• Task to complete
Could you please find each line in the records that contains the word "button" and copy it?

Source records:
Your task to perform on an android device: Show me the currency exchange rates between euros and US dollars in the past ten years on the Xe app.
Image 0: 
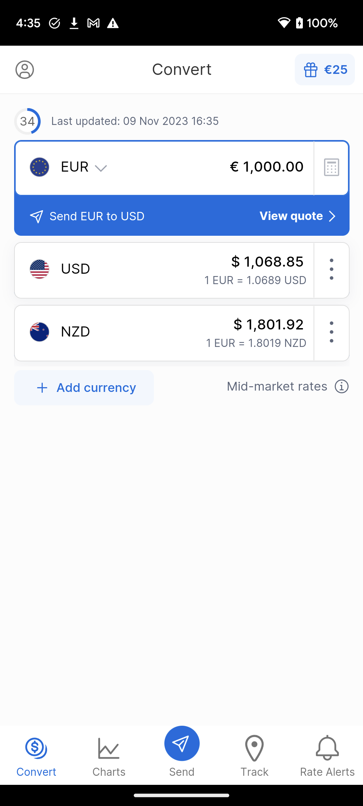
Click on the chart tab at the bottom of the screen to view the last ten years currency exchange rates.
Step 0: click (109, 755)
Image 1: 
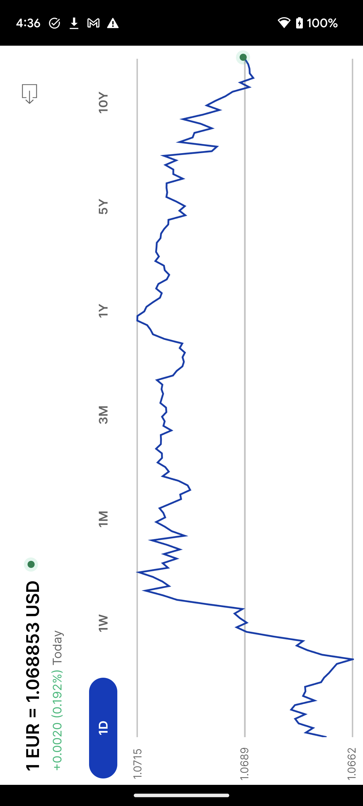
Click on the 10Y to view the last ten years currency exchange rates.
Step 1: click (103, 103)
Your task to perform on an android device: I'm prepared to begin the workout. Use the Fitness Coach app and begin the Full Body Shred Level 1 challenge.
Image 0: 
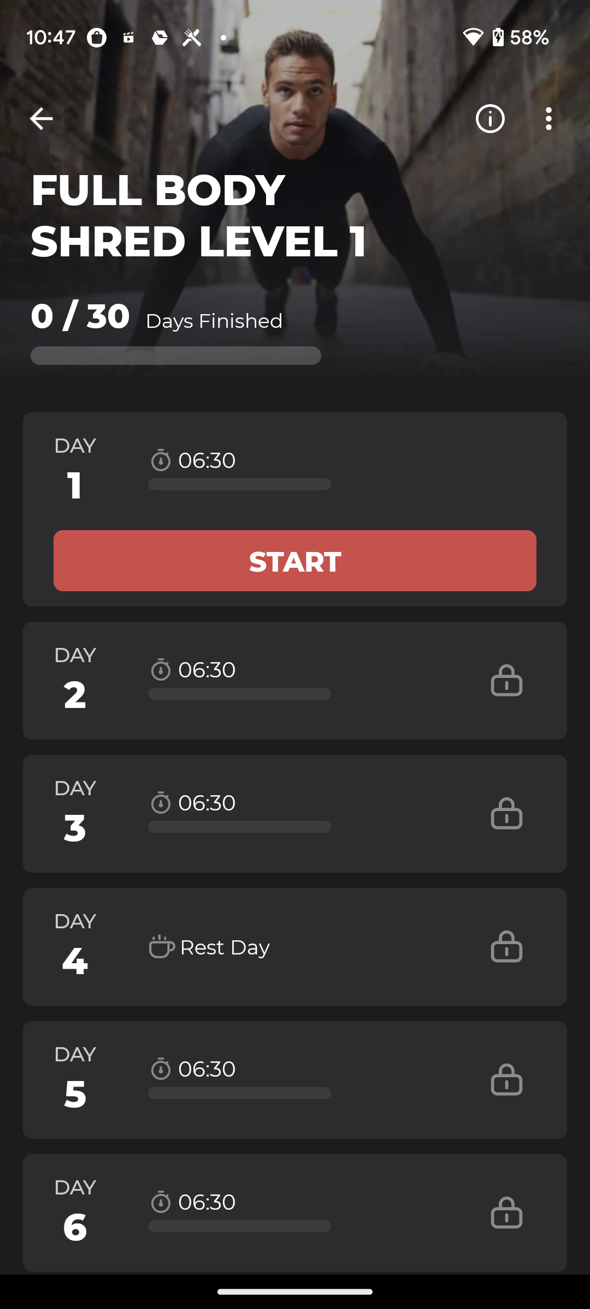
Click on START of Day 1
Step 0: click (295, 560)
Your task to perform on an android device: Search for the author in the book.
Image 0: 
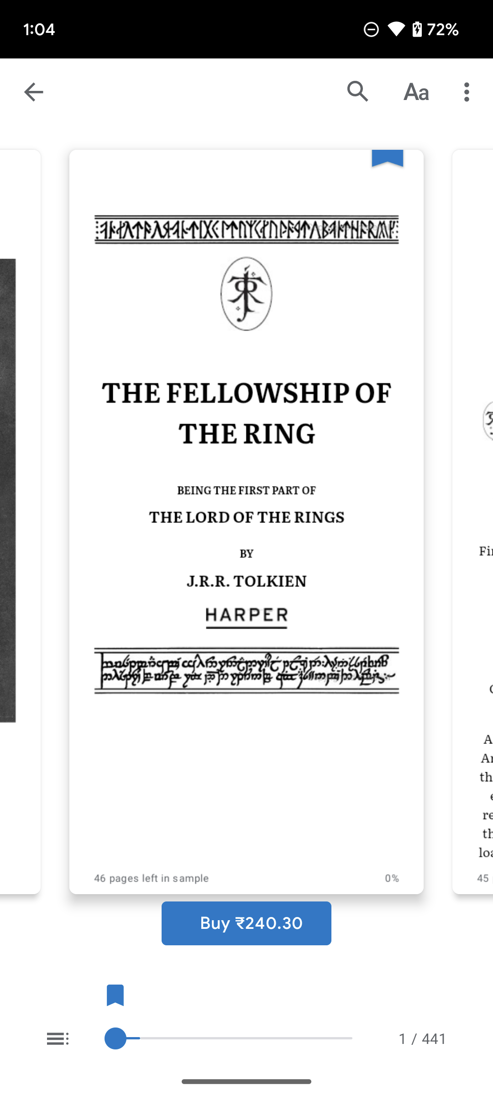
Click on the search icon on the top of the screen.
Step 0: click (358, 92)
Image 1: 
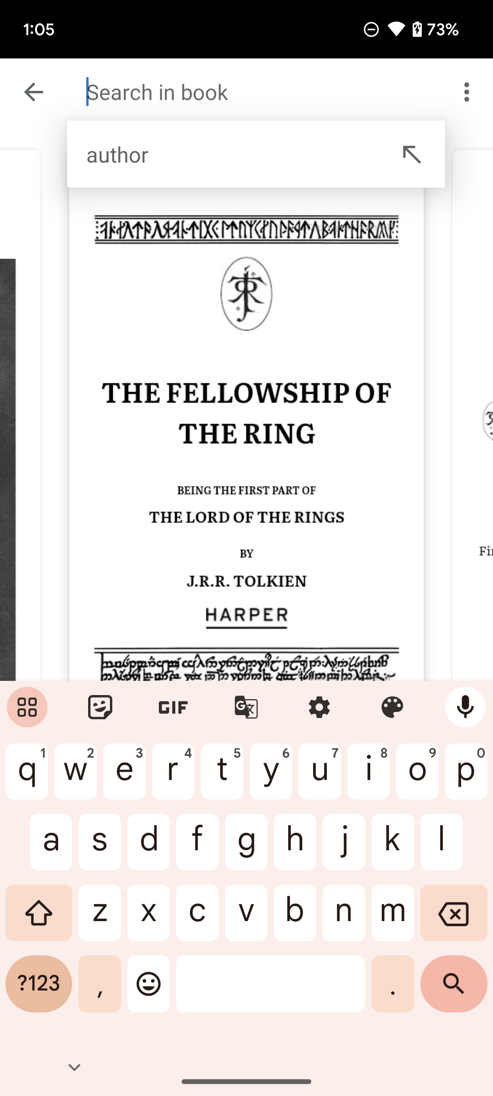
Click on the author icon on the screen.
Step 1: click (227, 154)
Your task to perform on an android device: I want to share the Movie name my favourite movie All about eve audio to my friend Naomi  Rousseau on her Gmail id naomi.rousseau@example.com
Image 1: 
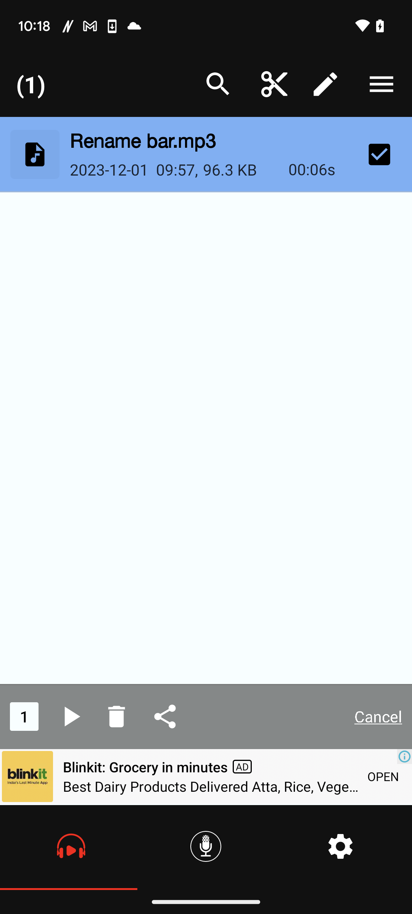
Click on the share button
Step 1: click (158, 716)
Image 2: 
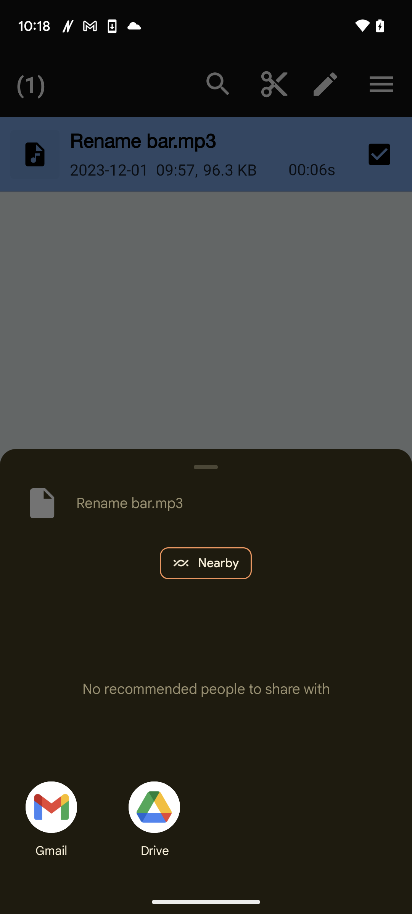
Click on the Gmail icon button
Step 2: click (46, 797)
Image 3: 
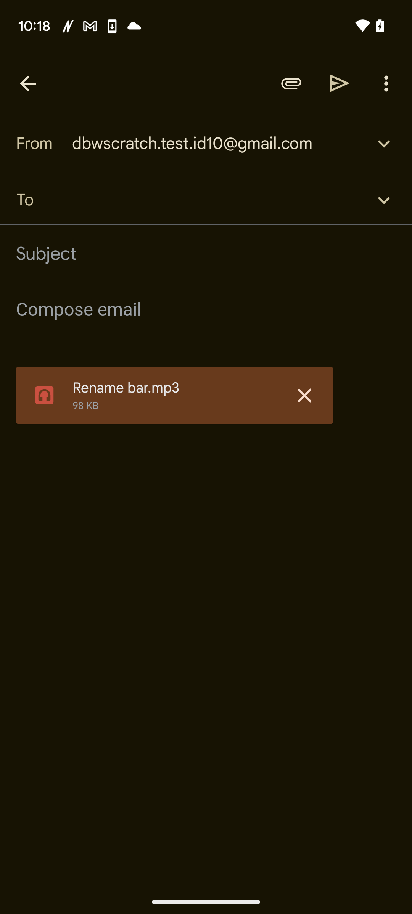
Click on the To bar
Step 3: click (218, 200)
Image 4: 
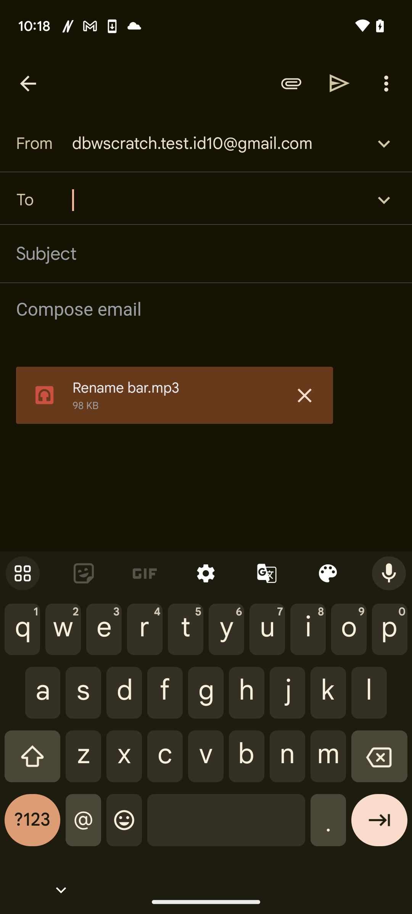
Type naomi.rousseau@example.com in To bar
Step 4: type "naomi.rousseau@example.com"
Image 5: 
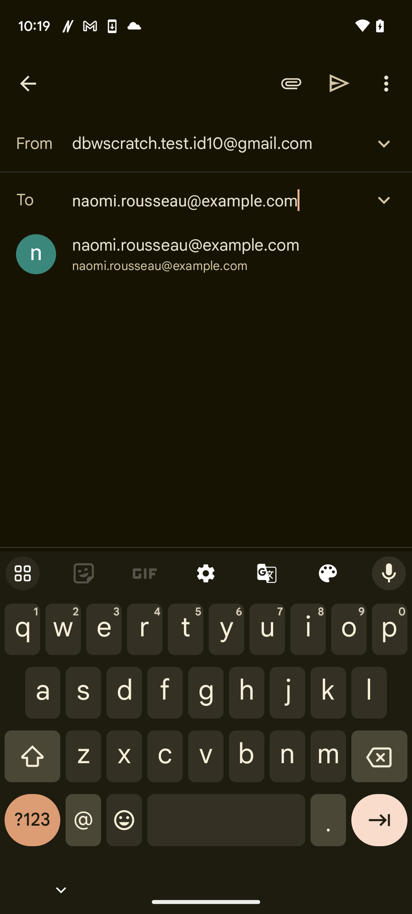
Click on the naomi.rousseau@example.com 
Step 5: click (159, 266)

• Answer section
Click on the share button
Click on the Gmail icon button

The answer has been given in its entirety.